Manufacturing method for rotary tools and cuttings Cross-reference of related applications

This application claims the priority of Japanese Patent Application No. 2020-139440 filed on August 20, 2020, and the entire disclosure of future applications is incorporated herein by reference.

This disclosure generally relates to a rotary tool used for milling a work material. Examples of rotary tools include end mills, drills and reamers. Examples of end mills include square end mills and ball end mills.

As an example of a cutting tool, the rotary tool (end mill) described in JP-A No. 07-299634 (Patent Document 1) and JP-A-2011-020248 (Patent Document 2) is known. The end mill described in Patent Document 1 has a plurality of main cutting blades and a secondary cutting blade located rearward in the rotation direction with respect to each main cutting blade. The end mill described in Patent Document 2 has a plurality of main cutting blades and a plurality of nick-shaped cutting blades arranged with a reverse helix angle.

When the end mill has a nick-shaped cutting edge as in Patent Document 2, the work material is not cut at the nick part. Therefore, an excessively large cutting load may be applied to the portion of the cutting edge located behind the nick portion in the rotational direction. Therefore, there has been a demand for a rotary tool having a nick and high durability.

The rotary tool based on the non-limiting aspect of the present disclosure has a cylindrical body extending from the first end to the second end along the axis of rotation. The main body has a first discharge groove extending from the first end toward the second end, a first outer peripheral surface located behind the first discharge groove in the rotation direction of the rotation axis, and the above. A first ridge line located at the intersection of the first discharge groove and the first outer peripheral surface, a dividing groove extending from the first discharge groove toward the rear in the rotational direction and dividing the first ridge line, and the first one. Two or more first blades located on the ridgeline and divided by the dividing groove, and located behind the first outer peripheral surface in the rotation direction of the rotation axis, from the first end to the second end. At the intersection of the second discharge groove extending toward, the second outer peripheral surface located behind the second discharge groove in the rotation direction of the rotation axis, and the second discharge groove and the second outer peripheral surface. It has a second ridge line located and a second blade of the second ridge line located at least behind the dividing groove in the rotational direction. The length from the rotation axis to the first ridge line is the first length, the length from the rotation axis to the second ridge line is the second length, and the second length is the first length. Shorter than that. In the cross section orthogonal to the rotation axis, the angle formed by the first discharge groove and the first outer peripheral surface is the first angle, and the angle formed by the second discharge groove and the second outer peripheral surface is the second angle. The second angle is larger than the first angle.

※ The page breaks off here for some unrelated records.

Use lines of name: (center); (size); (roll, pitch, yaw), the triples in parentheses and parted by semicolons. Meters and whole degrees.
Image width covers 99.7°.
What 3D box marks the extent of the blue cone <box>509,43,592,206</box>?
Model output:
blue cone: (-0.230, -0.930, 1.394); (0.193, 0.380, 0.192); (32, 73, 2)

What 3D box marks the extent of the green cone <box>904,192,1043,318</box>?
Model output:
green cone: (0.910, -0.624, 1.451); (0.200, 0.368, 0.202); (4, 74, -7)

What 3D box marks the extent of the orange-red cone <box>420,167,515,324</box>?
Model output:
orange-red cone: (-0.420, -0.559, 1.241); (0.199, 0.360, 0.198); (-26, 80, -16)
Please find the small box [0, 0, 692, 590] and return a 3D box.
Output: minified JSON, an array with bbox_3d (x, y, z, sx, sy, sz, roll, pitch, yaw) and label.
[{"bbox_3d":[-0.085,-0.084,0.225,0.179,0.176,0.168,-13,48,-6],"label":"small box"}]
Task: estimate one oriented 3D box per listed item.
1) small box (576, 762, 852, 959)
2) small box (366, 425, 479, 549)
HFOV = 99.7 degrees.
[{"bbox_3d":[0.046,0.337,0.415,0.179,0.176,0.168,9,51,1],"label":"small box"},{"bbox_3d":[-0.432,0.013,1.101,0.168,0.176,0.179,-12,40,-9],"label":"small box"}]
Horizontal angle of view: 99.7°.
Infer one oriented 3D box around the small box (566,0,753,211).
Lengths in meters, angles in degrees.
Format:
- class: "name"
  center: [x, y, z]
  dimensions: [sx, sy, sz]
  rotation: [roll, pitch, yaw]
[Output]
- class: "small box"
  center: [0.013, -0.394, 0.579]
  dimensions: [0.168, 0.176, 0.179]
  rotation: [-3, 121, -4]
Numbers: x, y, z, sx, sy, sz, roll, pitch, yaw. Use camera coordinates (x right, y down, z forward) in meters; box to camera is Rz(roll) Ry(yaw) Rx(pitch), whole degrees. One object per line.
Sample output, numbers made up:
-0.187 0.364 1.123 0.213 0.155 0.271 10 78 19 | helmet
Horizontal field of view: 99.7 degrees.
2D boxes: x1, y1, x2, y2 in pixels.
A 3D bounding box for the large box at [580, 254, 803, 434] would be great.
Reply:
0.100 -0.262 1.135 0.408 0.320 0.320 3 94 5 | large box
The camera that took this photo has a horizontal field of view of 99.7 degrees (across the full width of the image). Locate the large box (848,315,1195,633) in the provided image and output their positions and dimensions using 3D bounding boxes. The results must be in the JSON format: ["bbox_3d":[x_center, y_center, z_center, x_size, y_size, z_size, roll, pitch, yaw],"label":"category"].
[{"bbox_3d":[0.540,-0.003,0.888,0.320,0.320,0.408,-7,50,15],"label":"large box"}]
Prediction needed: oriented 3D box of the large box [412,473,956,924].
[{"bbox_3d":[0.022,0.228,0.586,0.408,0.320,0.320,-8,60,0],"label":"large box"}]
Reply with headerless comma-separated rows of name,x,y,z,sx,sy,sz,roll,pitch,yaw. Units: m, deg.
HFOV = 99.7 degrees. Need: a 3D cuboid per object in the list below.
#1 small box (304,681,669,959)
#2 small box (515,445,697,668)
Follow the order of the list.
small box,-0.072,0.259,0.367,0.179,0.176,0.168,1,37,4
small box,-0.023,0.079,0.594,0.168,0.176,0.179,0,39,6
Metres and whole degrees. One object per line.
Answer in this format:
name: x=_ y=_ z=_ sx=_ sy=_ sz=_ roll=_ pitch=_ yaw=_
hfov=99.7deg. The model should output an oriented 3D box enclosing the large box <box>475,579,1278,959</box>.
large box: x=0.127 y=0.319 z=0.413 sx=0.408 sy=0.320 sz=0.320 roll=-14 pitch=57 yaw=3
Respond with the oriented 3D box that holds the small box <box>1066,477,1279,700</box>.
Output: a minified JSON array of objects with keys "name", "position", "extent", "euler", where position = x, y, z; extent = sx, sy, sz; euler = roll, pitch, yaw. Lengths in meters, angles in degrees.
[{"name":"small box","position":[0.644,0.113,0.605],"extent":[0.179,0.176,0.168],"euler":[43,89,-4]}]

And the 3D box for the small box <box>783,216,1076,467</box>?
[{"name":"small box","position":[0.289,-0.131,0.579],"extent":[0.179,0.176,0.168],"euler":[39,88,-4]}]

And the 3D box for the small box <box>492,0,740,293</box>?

It is a perspective view which shows the rotary tool in an aspect which is not limited in this disclosure. It is an enlarged view of the region A1 shown in FIG. It is a front view which looked at the rotary tool shown in FIG. 1 from the side of the 1st end. FIG. 3 is a side view of the rotary tool shown in FIG. 3 as viewed from the B1 direction. It is an enlarged view in the area A2 shown in FIG. FIG. 5 is a cross-sectional view of a VI-VI cross section of the rotary tool shown in FIG. FIG. 5 is a cross-sectional view of a VII-VII cross section of the rotary tool shown in FIG. It is a figure which showed one step in the manufacturing method of the machined thing in the non-limiting aspect of this disclosure. It is a figure which showed one step in the manufacturing method of the machined thing in the non-limiting aspect of this disclosure. It is a figure which showed one step in the manufacturing method of the machined thing in the non-limiting aspect of this disclosure.

The rotary tool 1 of a plurality of embodiments without limitation will be described in detail with reference to the drawings. In an embodiment without limitation, a square end mill may be shown as an example of the rotary tool 1. However, the rotary tool 1 is not limited to the square end mill.

In each of the figures referred to below, for convenience of explanation, only the main members of the members constituting the non-limiting embodiment are shown in a simplified manner. Therefore, the rotary tool 1 may include any component not shown in each of the figures referenced herein. Further, the dimensions of the members in each drawing do not faithfully represent the dimensions of the actual constituent members and the dimensional ratio of each member. These points are the same in the method for manufacturing a machined product, which will be described later.

As shown in FIG. 1 and the like, the rotary tool 1 (end mill) may have a cylindrical main body 3. The main body 3 may extend from the first end 3a to the second end 3b along the rotation axis R1. Generally, the first end 3a is called the "tip" and the second end 3b is called the "rear end". The main body 3 may be rotatable in the direction of the arrow R2 about the rotation axis R1 as in the non-limiting aspect shown in FIG. 1 when the work material for manufacturing a machined object is cut.

In the non-limiting aspect shown in FIG. 1, the lower right end of the main body 3 may be the first end 3a and the upper left end may be the second end 3b. Further, in the non-limiting aspect shown in FIG. 4, the left end portion of the main body 3 may be the first end 3a and the right end portion may be the second end 3b.

The main body 3 may be composed of a grip portion 5 called a shank and a cutting portion 7 called a body. The grip portion 5 may be a portion gripped by a spindle or the like of a machine tool. The shape of the grip portion 5 may be designed according to the shape of the spindle. The cutting portion 7 may be located closer to the first end 3a than the grip portion 5. The cutting portion 7 may be a portion that comes into contact with the work material. That is, the cutting portion 7 may be a portion having a main role in cutting the work material.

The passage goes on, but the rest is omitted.